Cartoon model of how domains might affect channel behavior. We arbitrarily modeled the domain as a cytoskeletal corral. The panel at the far left shows closed WT channels (black) in a domain with a flexible boundary that can transmit external stress without delay. In this domain the channels exist as tetramers. The second panel from the left shows the expansion of the flexible boundary with external tension causing channels to open (red) and to inactivate (blue). The panel third from the left shows what happens when high forces rupture the domain boundary. The channels diffuse outward into the bulk bilayer where the tension is sufficient to activate them, but the tetramers can dissociate.
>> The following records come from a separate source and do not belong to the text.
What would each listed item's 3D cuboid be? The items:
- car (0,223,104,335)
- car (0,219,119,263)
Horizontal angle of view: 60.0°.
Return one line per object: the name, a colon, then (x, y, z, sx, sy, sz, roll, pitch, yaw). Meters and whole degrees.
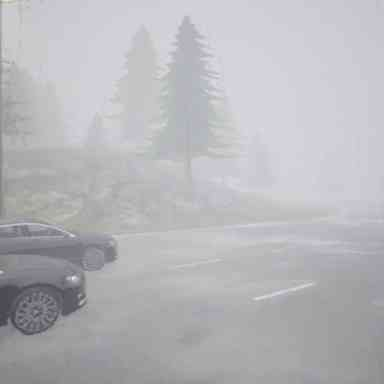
car: (-4.150, 1.491, 5.083, 4.902, 1.511, 2.128, 0, 0, -35)
car: (-4.467, 1.491, 9.159, 4.902, 1.511, 2.128, 0, 0, -35)
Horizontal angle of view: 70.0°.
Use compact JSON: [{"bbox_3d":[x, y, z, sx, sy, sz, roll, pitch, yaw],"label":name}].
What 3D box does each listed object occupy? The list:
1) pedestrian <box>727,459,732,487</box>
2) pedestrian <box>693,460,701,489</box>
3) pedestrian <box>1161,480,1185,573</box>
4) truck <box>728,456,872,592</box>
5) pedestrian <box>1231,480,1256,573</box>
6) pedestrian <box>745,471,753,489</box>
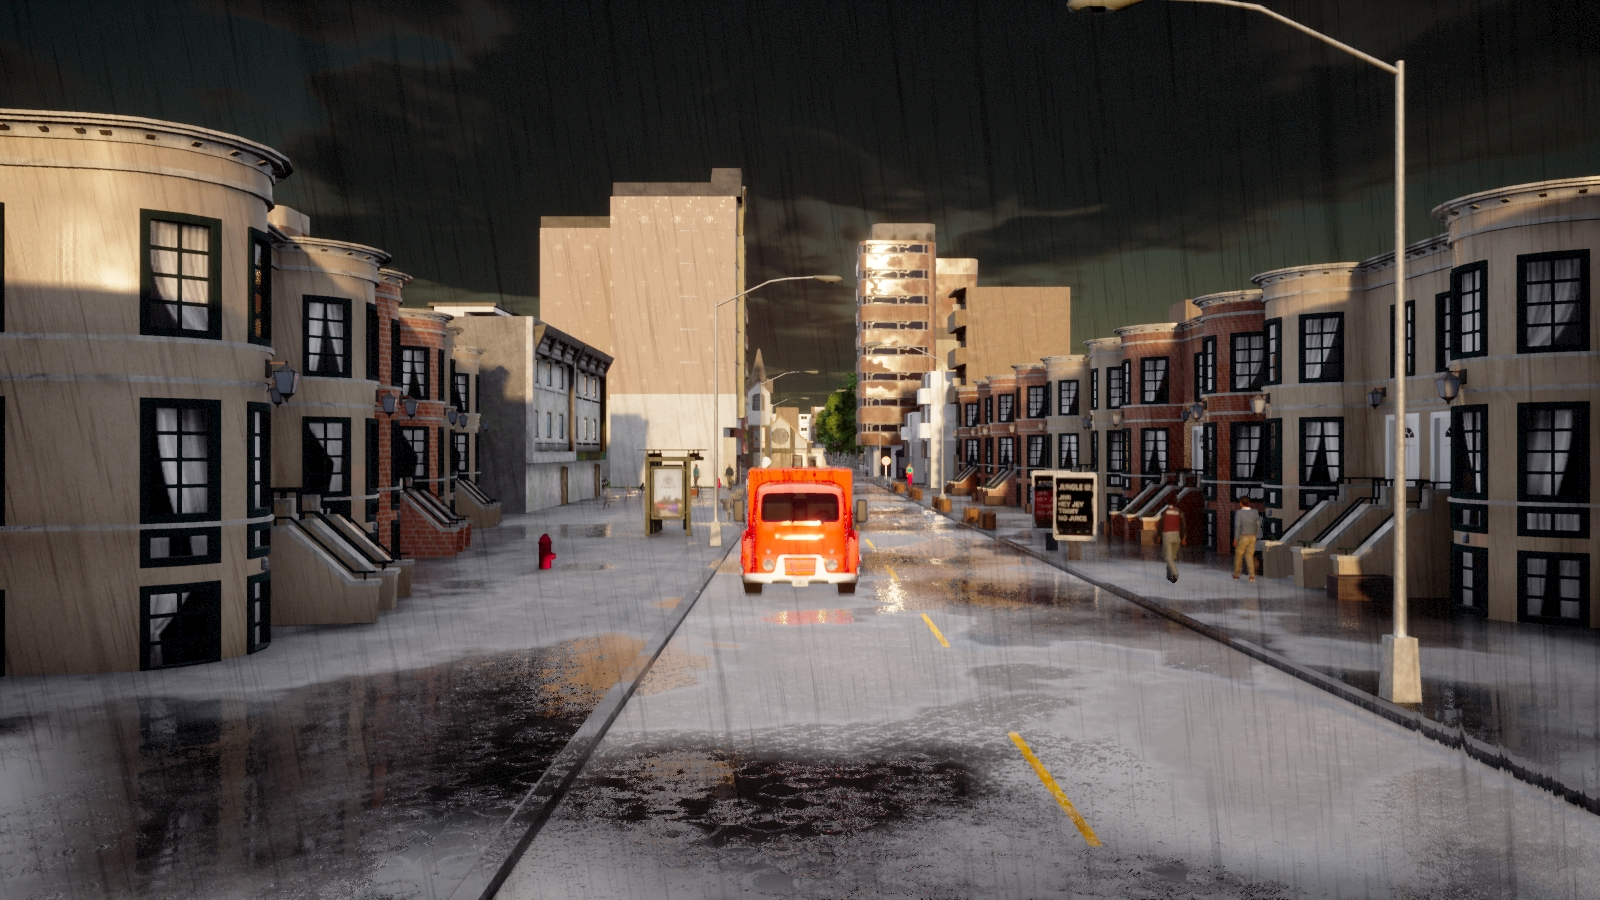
[{"bbox_3d":[-4.773,1.554,77.357,0.375,1.860,0.375,0,0,-1],"label":"pedestrian"},{"bbox_3d":[-6.674,1.556,73.979,0.375,1.860,0.375,0,0,15],"label":"pedestrian"},{"bbox_3d":[7.507,1.533,22.997,0.375,1.860,0.375,0,0,6],"label":"pedestrian"},{"bbox_3d":[0.001,1.360,23.409,2.627,2.467,5.204,0,0,0],"label":"truck"},{"bbox_3d":[8.984,1.534,23.151,0.375,1.860,0.375,0,0,0],"label":"pedestrian"},{"bbox_3d":[-3.295,1.934,73.416,0.500,1.100,0.500,0,0,-3],"label":"pedestrian"}]

We postulate that inactivation requires channel–channel interactions so the diffusing channels do not inactivate quickly. The right panel shows deactivation in a ruptured domain after tension is removed. In this model, HX mutations would decrease the interchannel-binding energy, allowing easier dissociation. Although the cartoon shows the domain as a corral, the domain may be a lipid phase, caveolae, cytoskeletal structures, or even channel aggregates.

Fig. 10.

Sequence comparison between human Piezo1 and Piezo2. The amino acids in Piezo1 involved in xerocytosis also are found in Piezo2. This homology suggests that mutations at these sites in Piezo2 lead to a loss or slowing of inactivation and potential increase in nociception.